Dataset items
□ □ □ □ □

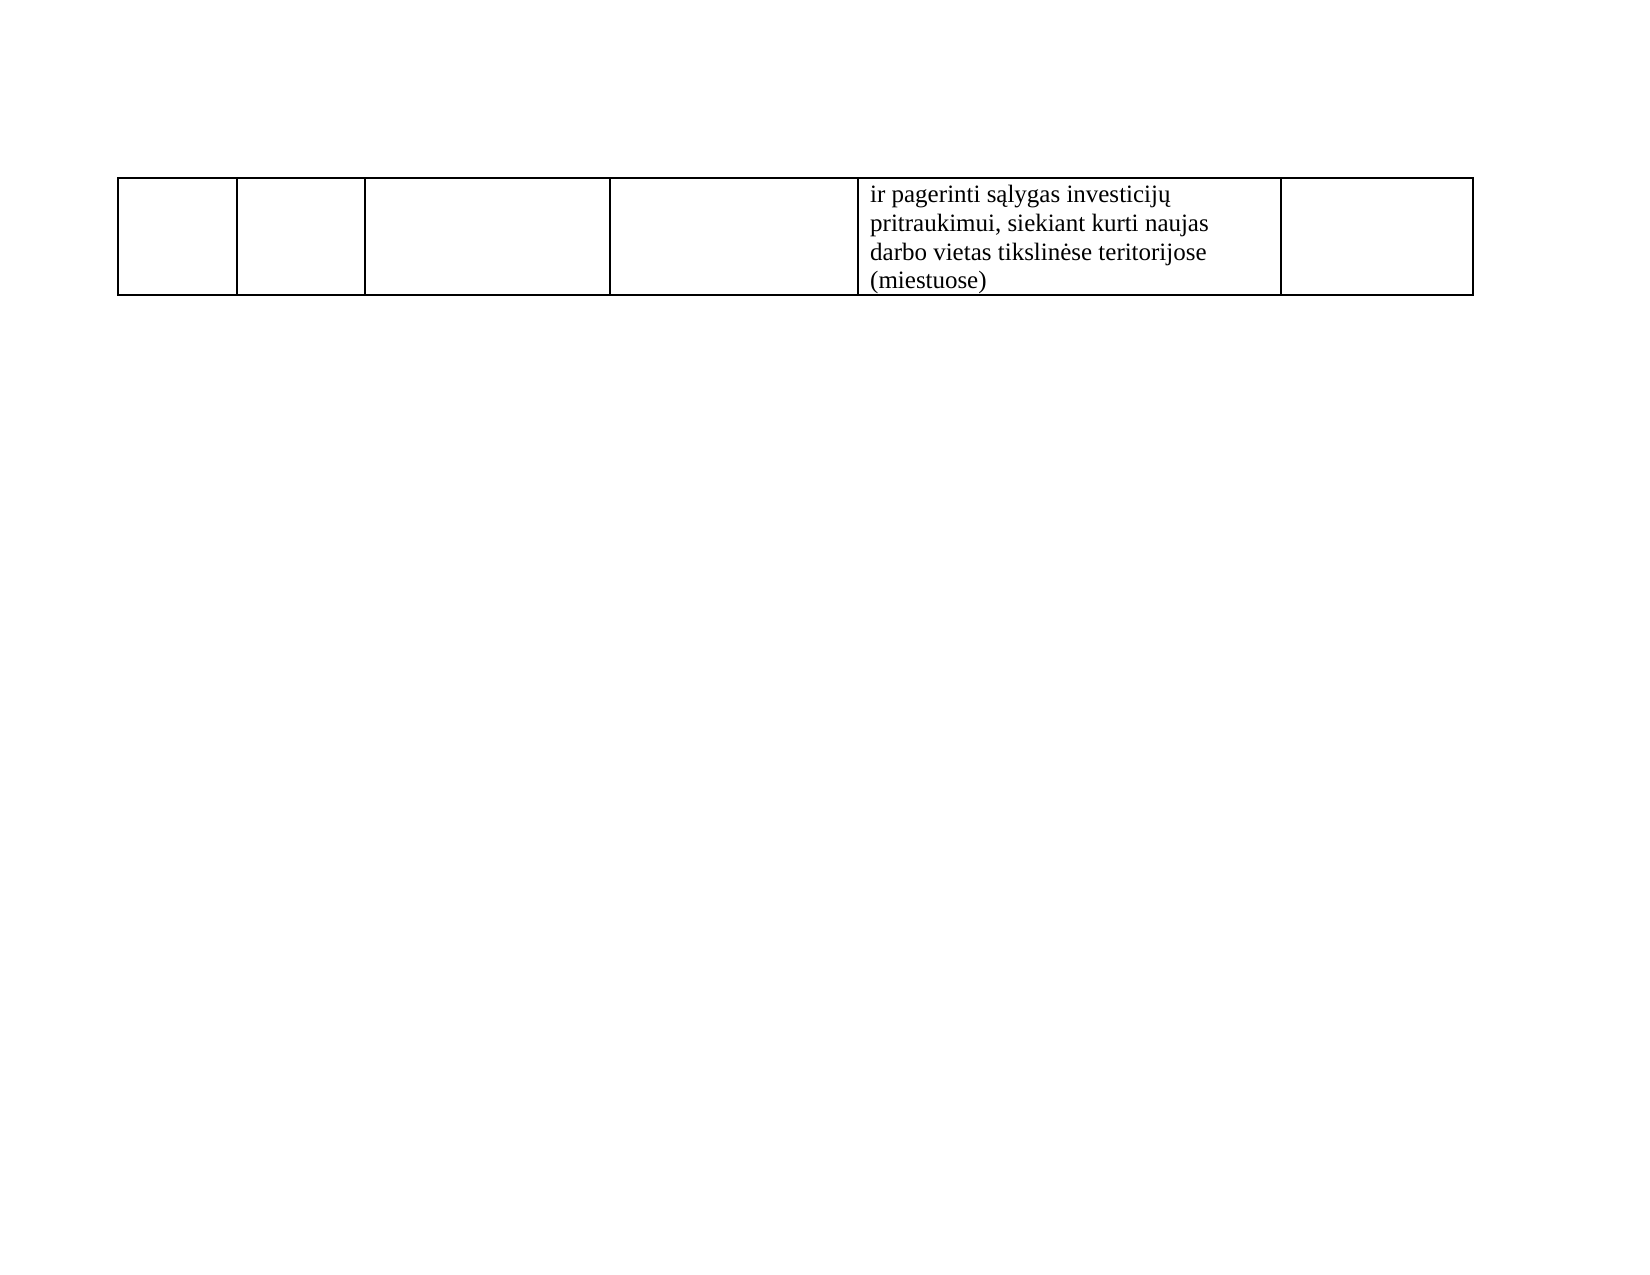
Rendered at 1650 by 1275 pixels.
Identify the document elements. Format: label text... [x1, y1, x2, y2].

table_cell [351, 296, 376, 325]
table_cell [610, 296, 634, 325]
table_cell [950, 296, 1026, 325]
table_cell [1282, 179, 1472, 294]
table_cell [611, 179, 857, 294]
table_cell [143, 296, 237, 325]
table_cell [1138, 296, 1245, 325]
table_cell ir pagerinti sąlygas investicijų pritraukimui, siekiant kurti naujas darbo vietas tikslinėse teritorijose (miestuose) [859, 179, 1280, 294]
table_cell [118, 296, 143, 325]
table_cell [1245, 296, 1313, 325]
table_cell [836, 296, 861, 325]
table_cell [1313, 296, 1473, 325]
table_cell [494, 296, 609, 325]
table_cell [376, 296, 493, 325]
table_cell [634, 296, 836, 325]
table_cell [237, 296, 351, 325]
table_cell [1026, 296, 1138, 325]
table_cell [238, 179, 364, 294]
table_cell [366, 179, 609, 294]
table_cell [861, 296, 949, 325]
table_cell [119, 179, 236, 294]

□ □ □ □ □

▸ What you should do:
Please give back all the records above word for word, with no pictures included.

▸ Exercise result:
Rendered at 1650 by 1275 pixels.
Identify the document elements. Format: label text... [x1, y1, x2, y2].

table_cell [351, 296, 376, 325]
table_cell [610, 296, 634, 325]
table_cell [950, 296, 1026, 325]
table_cell [1282, 179, 1472, 294]
table_cell [611, 179, 857, 294]
table_cell [143, 296, 237, 325]
table_cell [1138, 296, 1245, 325]
table_cell ir pagerinti sąlygas investicijų pritraukimui, siekiant kurti naujas darbo vietas tikslinėse teritorijose (miestuose) [859, 179, 1280, 294]
table_cell [118, 296, 143, 325]
table_cell [1245, 296, 1313, 325]
table_cell [836, 296, 861, 325]
table_cell [1313, 296, 1473, 325]
table_cell [494, 296, 609, 325]
table_cell [376, 296, 493, 325]
table_cell [634, 296, 836, 325]
table_cell [237, 296, 351, 325]
table_cell [1026, 296, 1138, 325]
table_cell [238, 179, 364, 294]
table_cell [366, 179, 609, 294]
table_cell [861, 296, 949, 325]
table_cell [119, 179, 236, 294]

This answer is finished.